(Exercise instructions) In the listing below, locate the line that contains "Your answer should be very brief. Brown." and the line that contains "Provide a short and direct response. Metal.". Restate word for word those two lines and every line between them, and nothing else.

(Records)
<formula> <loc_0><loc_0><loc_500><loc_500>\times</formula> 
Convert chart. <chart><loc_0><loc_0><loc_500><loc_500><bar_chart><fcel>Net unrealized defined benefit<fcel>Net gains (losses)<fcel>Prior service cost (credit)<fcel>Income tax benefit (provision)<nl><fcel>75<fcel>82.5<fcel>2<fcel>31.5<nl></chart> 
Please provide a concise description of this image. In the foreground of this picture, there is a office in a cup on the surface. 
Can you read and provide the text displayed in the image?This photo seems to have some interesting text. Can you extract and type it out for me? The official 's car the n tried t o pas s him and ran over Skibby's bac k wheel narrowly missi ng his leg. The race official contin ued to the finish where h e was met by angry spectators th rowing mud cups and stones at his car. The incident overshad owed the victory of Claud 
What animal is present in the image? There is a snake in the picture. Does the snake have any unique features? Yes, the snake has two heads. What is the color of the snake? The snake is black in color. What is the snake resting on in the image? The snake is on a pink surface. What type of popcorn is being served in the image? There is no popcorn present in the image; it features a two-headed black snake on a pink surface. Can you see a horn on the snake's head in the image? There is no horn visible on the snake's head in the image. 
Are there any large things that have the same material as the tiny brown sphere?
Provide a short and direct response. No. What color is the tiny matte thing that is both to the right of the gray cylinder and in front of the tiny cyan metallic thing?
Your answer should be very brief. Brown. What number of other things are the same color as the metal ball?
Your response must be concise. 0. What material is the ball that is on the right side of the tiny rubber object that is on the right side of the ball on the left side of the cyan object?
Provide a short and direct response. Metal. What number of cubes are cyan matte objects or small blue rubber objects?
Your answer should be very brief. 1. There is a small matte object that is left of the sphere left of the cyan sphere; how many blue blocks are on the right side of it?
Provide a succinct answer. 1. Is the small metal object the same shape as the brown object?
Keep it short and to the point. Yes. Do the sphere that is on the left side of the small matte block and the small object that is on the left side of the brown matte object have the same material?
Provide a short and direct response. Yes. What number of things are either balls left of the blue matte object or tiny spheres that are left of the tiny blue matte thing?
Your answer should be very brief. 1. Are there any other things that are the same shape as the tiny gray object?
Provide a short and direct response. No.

(Answer section)
Your answer should be very brief. Brown. What number of other things are the same color as the metal ball?
Your response must be concise. 0. What material is the ball that is on the right side of the tiny rubber object that is on the right side of the ball on the left side of the cyan object?
Provide a short and direct response. Metal. What number of cubes are cyan matte objects or small blue rubber objects?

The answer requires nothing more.